:: Activity ::
Output only the stretch of the listing that starts at the line containing "free(digest);" and ends at the line containing "char* foundNonce = NULL;", reproduced exactly with both ends.

:: Exercise input ::

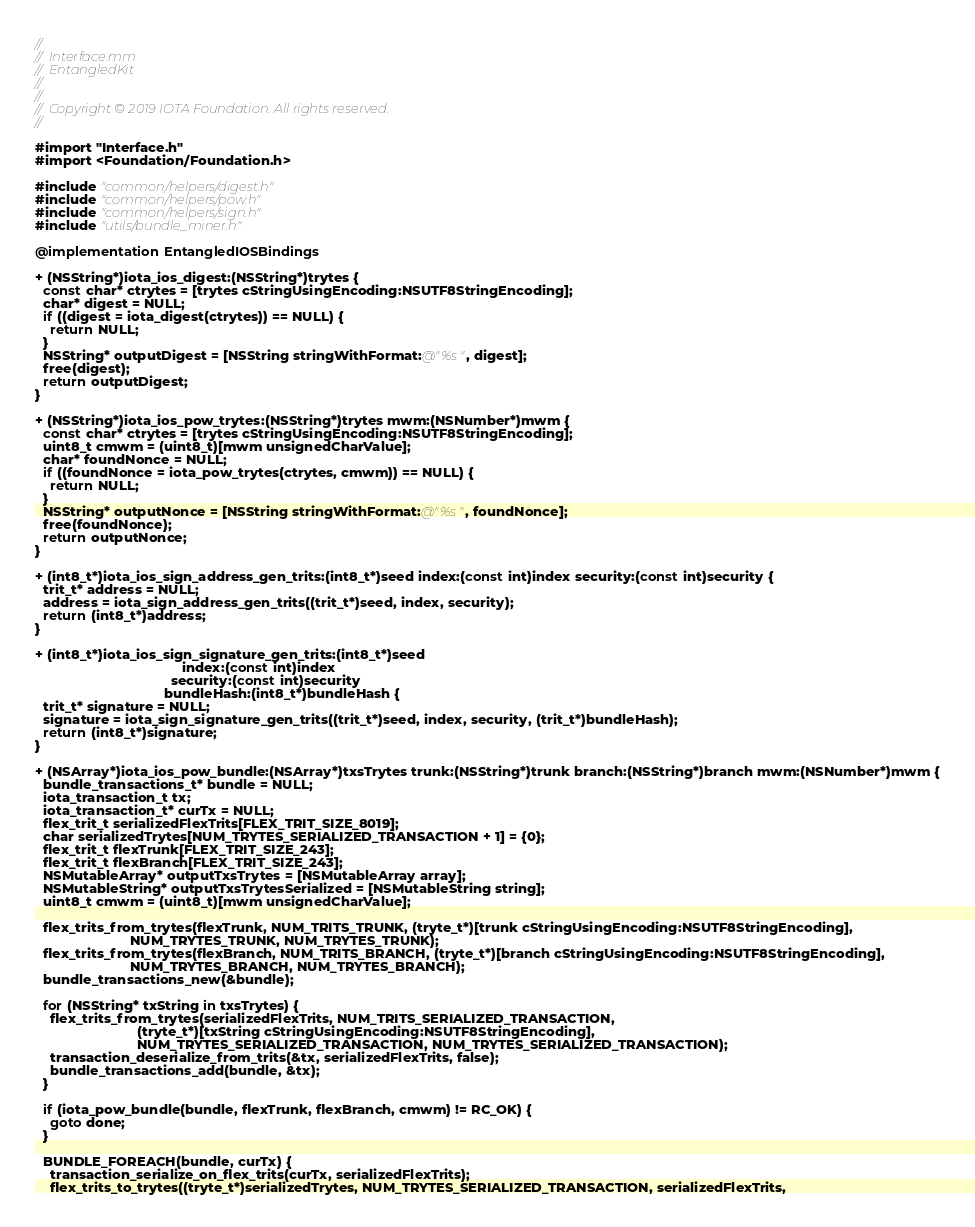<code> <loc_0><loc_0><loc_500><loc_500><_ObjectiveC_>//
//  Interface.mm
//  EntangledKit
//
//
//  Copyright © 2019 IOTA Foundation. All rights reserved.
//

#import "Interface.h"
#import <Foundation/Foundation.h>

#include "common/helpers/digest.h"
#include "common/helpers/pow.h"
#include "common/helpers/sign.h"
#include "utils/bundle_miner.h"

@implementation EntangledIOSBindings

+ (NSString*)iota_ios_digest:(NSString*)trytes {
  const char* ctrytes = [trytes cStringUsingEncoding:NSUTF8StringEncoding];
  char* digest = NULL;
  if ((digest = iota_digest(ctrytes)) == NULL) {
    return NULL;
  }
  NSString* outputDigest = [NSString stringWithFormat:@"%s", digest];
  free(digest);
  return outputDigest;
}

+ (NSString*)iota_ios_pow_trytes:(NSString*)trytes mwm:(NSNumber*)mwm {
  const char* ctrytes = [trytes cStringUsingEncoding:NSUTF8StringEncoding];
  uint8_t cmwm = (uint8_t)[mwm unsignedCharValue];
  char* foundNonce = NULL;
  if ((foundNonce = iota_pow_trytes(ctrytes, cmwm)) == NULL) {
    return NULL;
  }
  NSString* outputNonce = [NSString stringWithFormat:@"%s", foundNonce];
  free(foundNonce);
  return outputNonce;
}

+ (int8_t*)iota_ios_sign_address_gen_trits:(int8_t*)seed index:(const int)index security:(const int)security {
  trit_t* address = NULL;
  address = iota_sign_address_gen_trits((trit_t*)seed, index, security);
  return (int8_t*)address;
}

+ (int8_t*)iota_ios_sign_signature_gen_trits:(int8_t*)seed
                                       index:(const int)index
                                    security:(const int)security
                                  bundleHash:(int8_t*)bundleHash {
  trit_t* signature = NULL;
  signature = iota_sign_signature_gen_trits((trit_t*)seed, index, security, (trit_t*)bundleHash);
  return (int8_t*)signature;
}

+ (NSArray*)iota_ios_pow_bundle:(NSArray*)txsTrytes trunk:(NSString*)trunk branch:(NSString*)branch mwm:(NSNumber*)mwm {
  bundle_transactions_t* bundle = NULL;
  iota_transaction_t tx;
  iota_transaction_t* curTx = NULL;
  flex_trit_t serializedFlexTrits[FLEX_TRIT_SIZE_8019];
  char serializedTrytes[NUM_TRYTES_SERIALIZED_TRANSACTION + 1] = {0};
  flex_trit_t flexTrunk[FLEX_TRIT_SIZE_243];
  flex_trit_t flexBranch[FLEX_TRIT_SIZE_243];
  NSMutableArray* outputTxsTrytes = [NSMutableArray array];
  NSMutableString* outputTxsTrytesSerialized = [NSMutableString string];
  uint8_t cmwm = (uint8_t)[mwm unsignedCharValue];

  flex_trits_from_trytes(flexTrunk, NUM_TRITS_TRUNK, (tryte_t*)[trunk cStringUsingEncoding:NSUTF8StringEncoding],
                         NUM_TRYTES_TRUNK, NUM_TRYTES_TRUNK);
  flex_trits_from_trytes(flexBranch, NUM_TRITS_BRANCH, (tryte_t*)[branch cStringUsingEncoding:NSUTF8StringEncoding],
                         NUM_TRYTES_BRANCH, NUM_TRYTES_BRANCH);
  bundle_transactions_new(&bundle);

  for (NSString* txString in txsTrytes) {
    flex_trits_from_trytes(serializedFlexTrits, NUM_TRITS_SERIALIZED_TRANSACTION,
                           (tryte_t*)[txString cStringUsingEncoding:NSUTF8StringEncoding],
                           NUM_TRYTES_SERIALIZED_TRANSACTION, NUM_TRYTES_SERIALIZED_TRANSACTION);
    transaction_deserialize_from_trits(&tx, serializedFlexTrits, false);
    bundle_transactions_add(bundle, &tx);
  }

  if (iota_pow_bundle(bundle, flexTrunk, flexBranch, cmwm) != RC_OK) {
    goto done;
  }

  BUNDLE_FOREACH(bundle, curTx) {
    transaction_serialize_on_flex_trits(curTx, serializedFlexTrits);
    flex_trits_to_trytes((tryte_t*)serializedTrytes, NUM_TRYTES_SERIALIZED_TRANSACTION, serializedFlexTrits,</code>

* * *

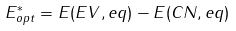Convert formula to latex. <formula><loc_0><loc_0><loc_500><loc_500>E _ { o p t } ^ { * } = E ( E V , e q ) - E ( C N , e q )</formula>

:: Your solution ::
  free(digest);
  return outputDigest;
}

+ (NSString*)iota_ios_pow_trytes:(NSString*)trytes mwm:(NSNumber*)mwm {
  const char* ctrytes = [trytes cStringUsingEncoding:NSUTF8StringEncoding];
  uint8_t cmwm = (uint8_t)[mwm unsignedCharValue];
  char* foundNonce = NULL;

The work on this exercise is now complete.